[Exercise] Only the text of the records belongs in the answer, copied exactly and without pictures.

-.-.-

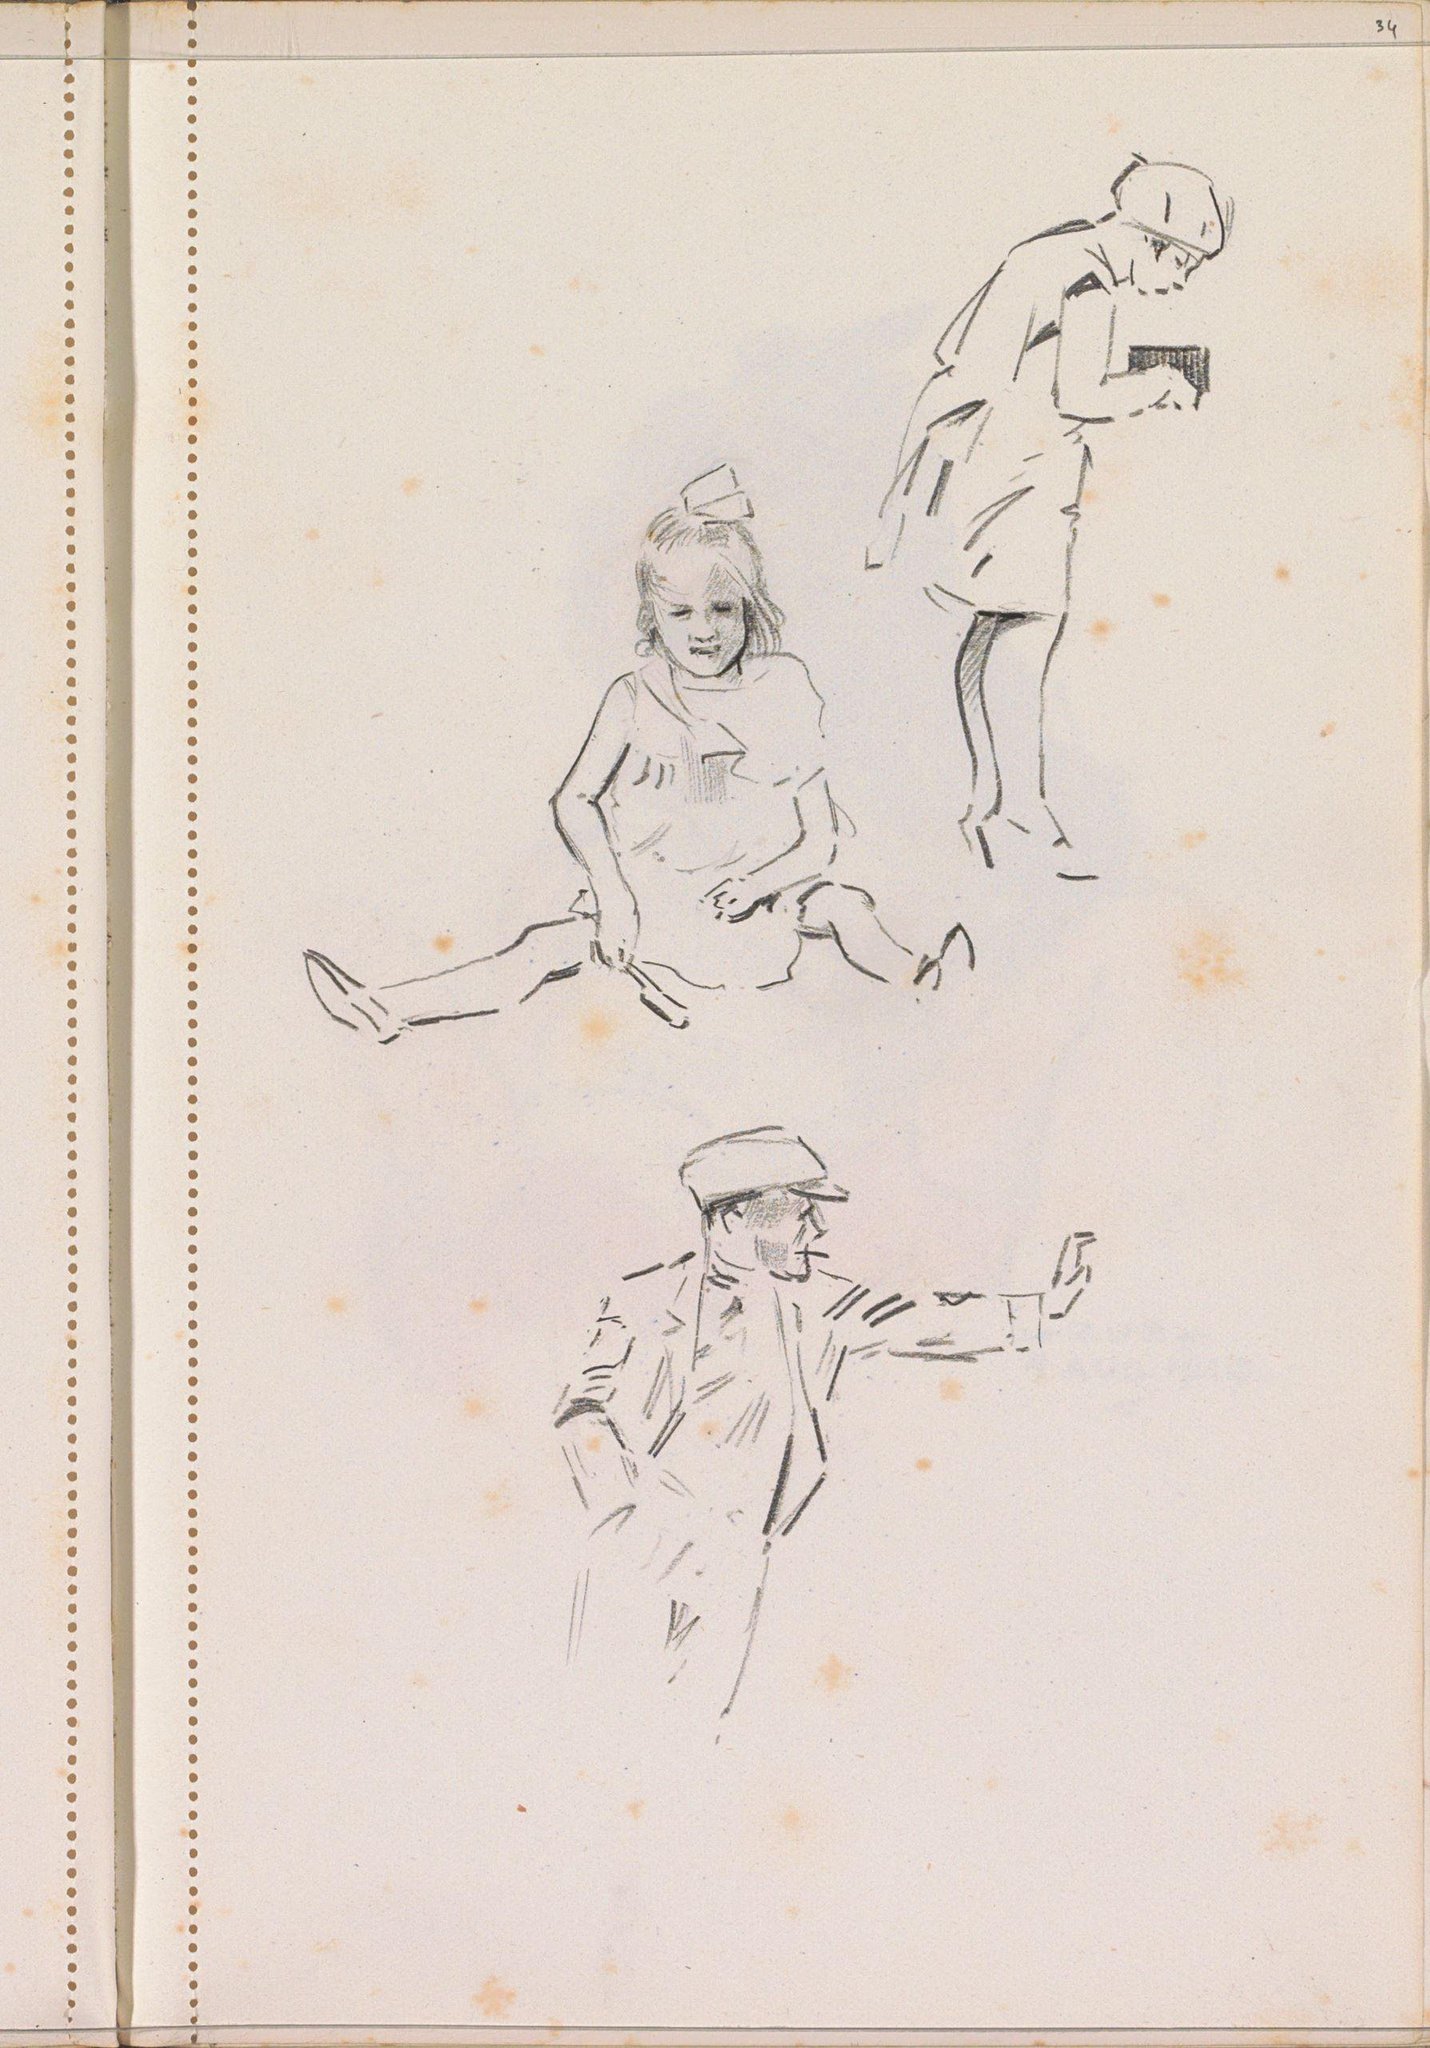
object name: sketchbook leaf
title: Spelend en lezend meisje en een jongen met een opgeheven arm
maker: otto verhagen (i)
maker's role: draughtsman, print maker
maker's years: 1885-1951
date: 1928
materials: chalk, paper
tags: reading, arm stretched forward (+ male human being (not to be used where -a- is prescribed)), girl (child between toddler and youth)
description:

-.-.-

[Written answer]
object name: sketchbook leaf
title: Spelend en lezend meisje en een jongen met een opgeheven arm
maker: otto verhagen (i)
maker's role: draughtsman, print maker
maker's years: 1885-1951
date: 1928
materials: chalk, paper
tags: reading, arm stretched forward (+ male human being (not to be used where -a- is prescribed)), girl (child between toddler and youth)
description:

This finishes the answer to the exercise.